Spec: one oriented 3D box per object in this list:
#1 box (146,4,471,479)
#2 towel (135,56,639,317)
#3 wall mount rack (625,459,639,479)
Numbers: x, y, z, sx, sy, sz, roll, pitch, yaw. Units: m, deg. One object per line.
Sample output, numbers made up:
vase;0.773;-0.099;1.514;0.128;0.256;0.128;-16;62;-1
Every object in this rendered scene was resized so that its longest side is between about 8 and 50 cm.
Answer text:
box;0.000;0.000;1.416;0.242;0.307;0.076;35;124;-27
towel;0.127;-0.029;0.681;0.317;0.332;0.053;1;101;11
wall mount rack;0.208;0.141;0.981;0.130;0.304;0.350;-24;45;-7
══════════════════════════════
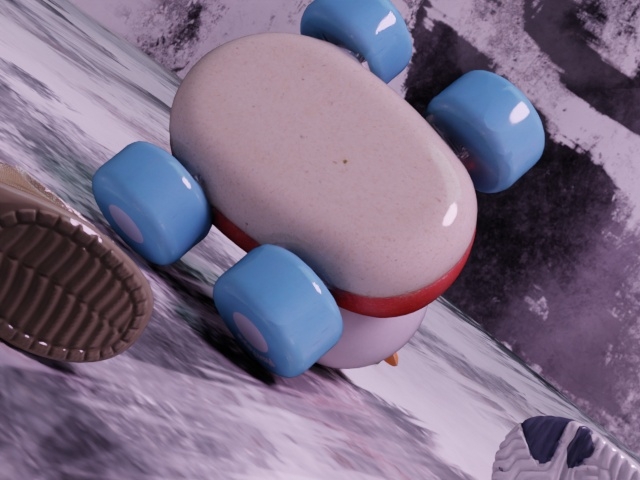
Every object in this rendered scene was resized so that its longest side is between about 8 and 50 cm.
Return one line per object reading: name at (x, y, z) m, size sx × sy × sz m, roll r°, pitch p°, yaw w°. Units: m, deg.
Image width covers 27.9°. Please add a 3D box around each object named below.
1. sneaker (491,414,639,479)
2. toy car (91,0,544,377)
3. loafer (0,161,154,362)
══════════════════════════════
Copy out all lines from the material above that contain the string "roll".

## Response to this task
Numbers: x, y, z, sx, sy, sz, roll, pitch, yaw. Units: m, deg. One object per line.
Return one line per object reading: name at (x, y, z) m, size sx × sy × sz m, roll r°, pitch p°, yaw w°. Units: m, deg.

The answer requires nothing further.